I am going to get fined some huge amount, get jail time and the judge will look poorly on my not attending these/getting the children to them, but I have no recourse. I need to stop, stop, stop thinking somewhere in all of this will be some sane, reasonable or fair expectations. I sound like Charlie Brown this week, and need to get rid of the grey clouds I know. Well, its Friday and one day closer to the full trial; closure of any kind will be rough, tough horrible; but if the kids are taken care of and I do not actually end up in some kind of jail, it can't get a whole lot worse. Is that halfway optimistic? :o) I will work on my attitude, promise. Hugs, Anna

We have the "Divorce Education Class" here in UT that is mandatory.
Hi Anna,
I'm in PA and was ordered to go through conflict resolution classes with X.It was $40 each session and we had to split the cost. Also I had them do an evaluation on our 2 children. I was going to pay for both of them but they told me I wasn't responsible for the full amount and would only let me pay half. I don't know if they ever made him pay or not but they said he was responsible for the other half. I do think you should contact the agency. Most of them have some plan set up to make it more affordable.After all supposedly they aren't looking to make things harder.
K :)
Edited 9/23/2005 7:49 pm ET ET by susieyippin
Thanks for taking the time to reply all. Yes, I have called all three organizations, and no there are not any scholarships or even payment plans available. I guess I can call the judges clerk next week and at least ask her also. One of the lawyers I spoke to as I have been trying to call around and find one who would at least help me with the full trial, and no, there isn't any who will so far, -- he told me that the classes are mandatory, that he has never heard of any lowered fees, and that judges in California routinely put these four requirements in (the fourth sometimes being that both parents go to a certain number of sessions with a licensed psychiatrist or psychologist - not someone who is a counselor with a masters degree) -- it is judges' way of making some sort of minimum initial call on whether the parents, or which ones are 'serious' about putting the kids first etc.

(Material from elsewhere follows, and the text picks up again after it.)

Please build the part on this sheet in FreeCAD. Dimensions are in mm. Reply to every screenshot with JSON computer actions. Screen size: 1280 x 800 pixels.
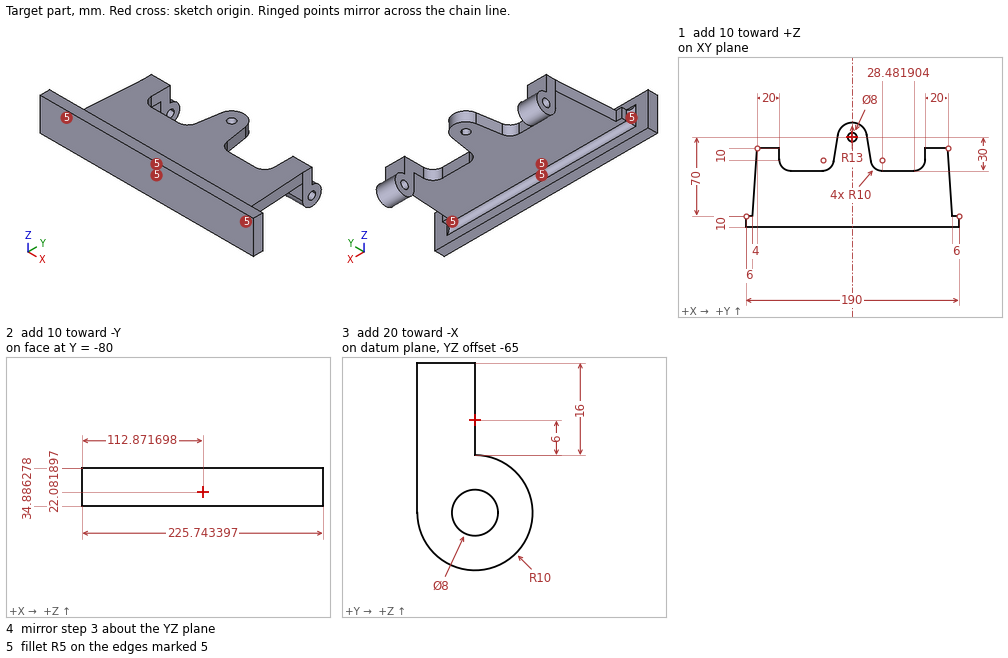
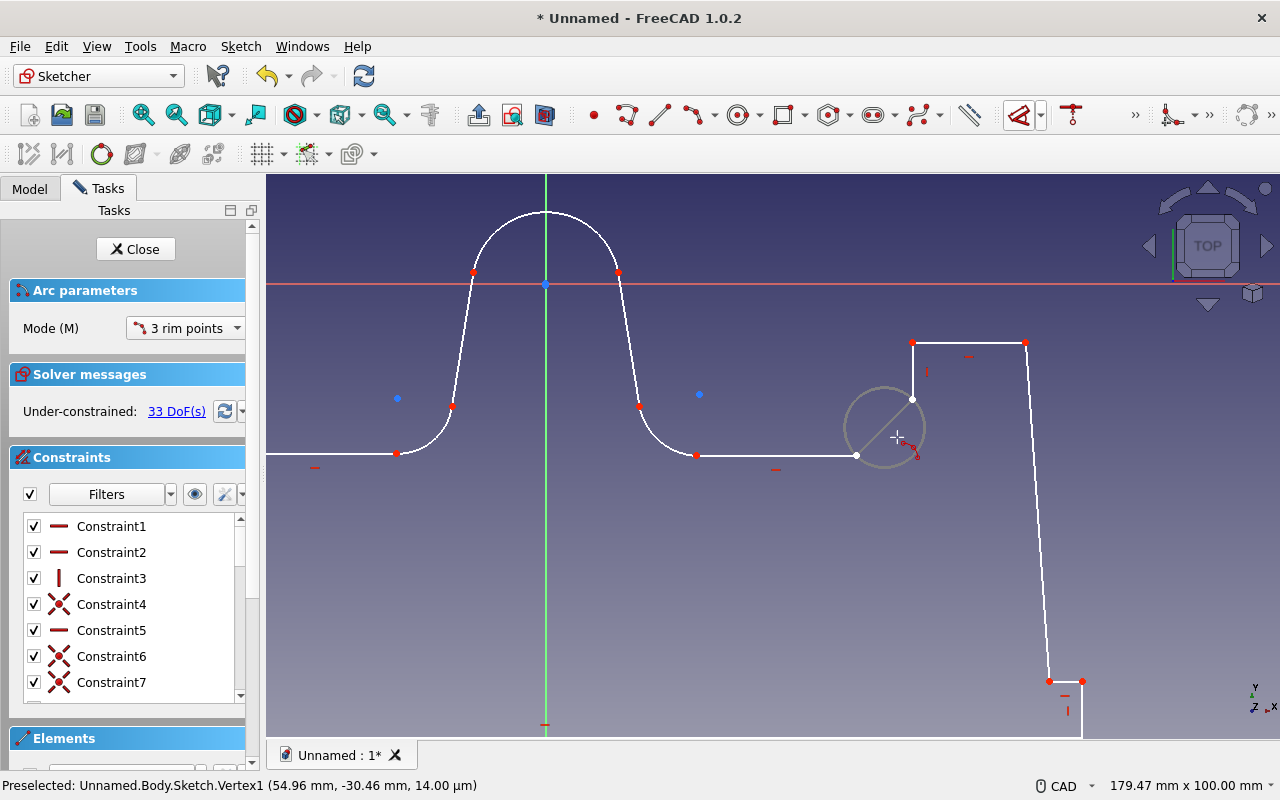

I am calling churches about food banks. I have called about getting county aid and we can get approximately $110 in food stamps per month, that is it, no other aid do we qualify for as I bring home too much money; I make $15.50 ph. (*believe me it is not a lot of money; though I am lucky to have found something more than minimum wage I am absolutely thankful for it, or was); I am beginning to wonder if I should quit my job in order to get help - how does that sound for ackbassward?
I will keep asking and trying to find answers, but thus far in the process each time we have appeared in court, there is nothing that the judge has asked either of us for, for which when we explained an answer that he accepted. He has expressed what I feel like is disdain that a working class couple with 5 children cannot come to their own custody agreement - he thinks it is highly selfish that "we" are not putting the children first and working out a reasonable joint parenting plan. I offered a near 50-50 percent parenting plan to the ex;he doesn't want it, he wants sole legal, primary physical and me to get visitation at his house when he allows it...
In some of the supporting paperwork I was given with the last temporary court order,it said that most couples coming before 'the bench' for custody issues are there because one or the other has abuse/addiction issues etc. Neither of us do. So shall I just quit, 'give' him the children because the system thinks they are there to make decisions for families who are incapable of making their own; rather than our situation where, one parent is just trying to 'take' the children because he can.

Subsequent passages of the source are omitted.